Another situation in which effort may not respond in the expected fashion to a change in transitory wages is when workers have an earnings target that they apply narrowly. For example, Camerer, Babcock, Loewenstein and Thaler (1997) found that New York City cab drivers quit early on days when their hourly earnings were high and worked longer hours when their earnings were low. The authors speculated that the cab drivers may have had a daily earnings target beyond which their motivation to continue working dropped off. Although there appear to be exceptions to the generality of the positive relationship between pay and effort, our focus in this paper is on the second assumption – that an increase in motivation and effort will result in improved performance. The experiments we report address the question of whether increased effort necessarily leads to improved performance. Providing subjects with different levels of incentives, including incentives that were very high relative to their normal income, we examine whether, across a variety of different tasks, an increase in contingent pay leads to an improvement or decline in performance. We find that in some cases, and in fact most of the cases we examined, very high incentives result in a decrease in performance. These results provide a counterexample to the assumption that an increase in motivation and effort will always result in improved performance. […] in Dan Ariely, Uri Gneezy, George Loewenstein, and Nina Mazar, “Large Stakes and Big Mistakes“, Review of Economic Studies (2009) 75, 1-19 0034-6527/09. [PDF available here]

Now, these are not stories, these are facts. These are one of the most robust findings in social science,… yet, one of the most ignored [sic]. And they keep coming in.
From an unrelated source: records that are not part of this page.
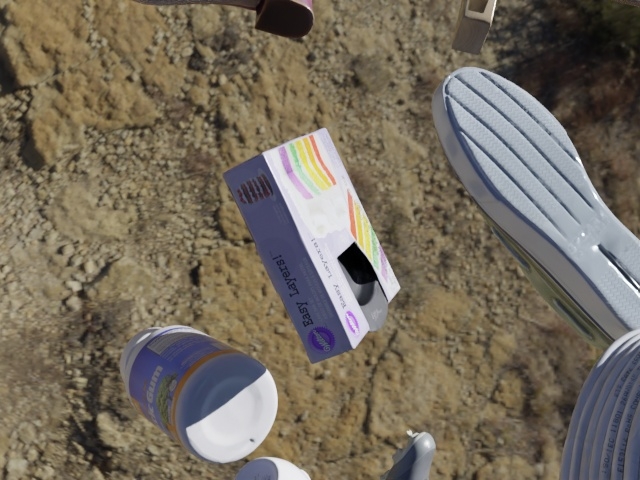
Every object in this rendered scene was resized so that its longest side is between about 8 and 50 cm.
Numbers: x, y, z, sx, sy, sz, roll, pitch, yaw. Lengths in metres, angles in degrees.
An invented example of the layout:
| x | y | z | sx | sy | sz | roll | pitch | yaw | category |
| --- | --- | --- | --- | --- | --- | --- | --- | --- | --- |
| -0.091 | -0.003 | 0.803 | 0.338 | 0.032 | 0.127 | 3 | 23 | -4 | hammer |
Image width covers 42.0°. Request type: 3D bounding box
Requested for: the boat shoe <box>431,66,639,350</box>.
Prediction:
| x | y | z | sx | sy | sz | roll | pitch | yaw | category |
| --- | --- | --- | --- | --- | --- | --- | --- | --- | --- |
| 0.194 | -0.016 | 0.745 | 0.109 | 0.094 | 0.302 | -34 | 85 | -26 | boat shoe |

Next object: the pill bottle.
| x | y | z | sx | sy | sz | roll | pitch | yaw | category |
| --- | --- | --- | --- | --- | --- | --- | --- | --- | --- |
| -0.192 | 0.209 | 1.214 | 0.152 | 0.272 | 0.152 | -5 | 100 | -34 | pill bottle |

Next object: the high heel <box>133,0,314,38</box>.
| x | y | z | sx | sy | sz | roll | pitch | yaw | category |
| --- | --- | --- | --- | --- | --- | --- | --- | --- | --- |
| -0.179 | -0.394 | 1.128 | 0.377 | 0.127 | 0.181 | 21 | 40 | -23 | high heel |

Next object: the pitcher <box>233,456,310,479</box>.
| x | y | z | sx | sy | sz | roll | pitch | yaw | category |
| --- | --- | --- | --- | --- | --- | --- | --- | --- | --- |
| -0.057 | 0.414 | 1.331 | 0.178 | 0.125 | 0.207 | -98 | 161 | -50 | pitcher |

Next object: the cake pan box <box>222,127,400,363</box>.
| x | y | z | sx | sy | sz | roll | pitch | yaw | category |
| --- | --- | --- | --- | --- | --- | --- | --- | --- | --- |
| 0.000 | 0.000 | 1.067 | 0.267 | 0.070 | 0.246 | 66 | 24 | -4 | cake pan box |

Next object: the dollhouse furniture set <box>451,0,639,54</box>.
| x | y | z | sx | sy | sz | roll | pitch | yaw | category |
| --- | --- | --- | --- | --- | --- | --- | --- | --- | --- |
| 0.183 | -0.212 | 0.653 | 0.123 | 0.151 | 0.144 | 14 | 71 | 3 | dollhouse furniture set |

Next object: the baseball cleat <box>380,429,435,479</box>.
| x | y | z | sx | sy | sz | roll | pitch | yaw | category |
| --- | --- | --- | --- | --- | --- | --- | --- | --- | --- |
| 0.107 | 0.319 | 0.964 | 0.072 | 0.109 | 0.206 | -17 | 135 | -48 | baseball cleat |

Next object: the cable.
| x | y | z | sx | sy | sz | roll | pitch | yaw | category |
| --- | --- | --- | --- | --- | --- | --- | --- | --- | --- |
| 0.288 | 0.188 | 0.644 | 0.257 | 0.089 | 0.257 | 14 | 80 | -35 | cable |
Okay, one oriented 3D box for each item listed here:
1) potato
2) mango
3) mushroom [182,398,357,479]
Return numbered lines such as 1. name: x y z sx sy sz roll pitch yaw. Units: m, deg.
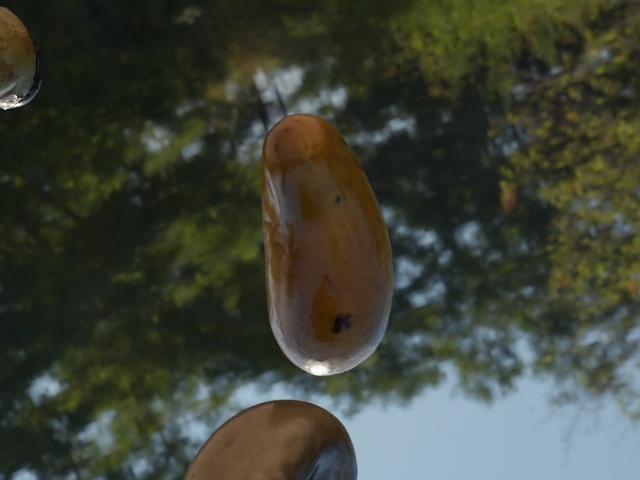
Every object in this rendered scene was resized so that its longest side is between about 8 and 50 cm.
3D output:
1. potato: -0.314 -0.160 1.408 0.066 0.096 0.103 28 -156 22
2. mango: 0.006 0.000 1.453 0.120 0.295 0.177 -5 -142 -6
3. mushroom: -0.020 0.244 1.322 0.204 0.204 0.204 -20 -169 4
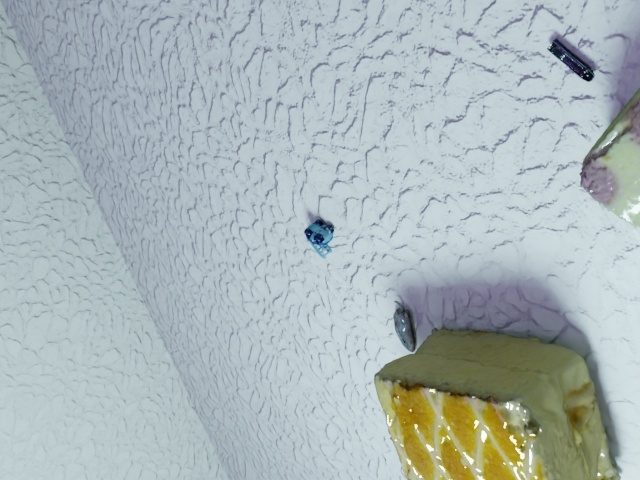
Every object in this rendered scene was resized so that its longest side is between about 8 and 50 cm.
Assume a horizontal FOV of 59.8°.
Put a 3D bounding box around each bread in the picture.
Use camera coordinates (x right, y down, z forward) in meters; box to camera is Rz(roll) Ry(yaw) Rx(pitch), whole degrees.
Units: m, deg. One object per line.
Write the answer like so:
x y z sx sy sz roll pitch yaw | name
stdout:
0.480 -0.176 0.670 0.155 0.187 0.338 40 137 16 | bread
0.353 0.390 1.121 0.371 0.279 0.390 -7 111 49 | bread

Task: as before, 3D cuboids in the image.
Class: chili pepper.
0.201 0.214 1.338 0.050 0.041 0.153 -107 4 -65 | chili pepper

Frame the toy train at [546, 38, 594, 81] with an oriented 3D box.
0.378 -0.270 0.836 0.083 0.017 0.017 46 142 12 | toy train

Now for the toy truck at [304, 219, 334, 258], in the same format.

Such as the fallacy of the supply and demand model (March 2008). Anyway, enough good material (a simple paper with profound implications)… for one day. But hey, …Oh, if you are still wondering what other paper inspired the specific drawings at minute 7′:40” and on, in the first video over this post, well, here it is: Kristina Shampan’er and Dan Ariely (2007), “How Small is Zero Price? The True Value of Free Products“, in Marketing Science. Vol. 26, No. 6, 742 – 757. [PDF available here]… Got it ?!

[...] People should learn how to play Lego with their minds. Concepts are building bricks [...] V. Ramos, 2002.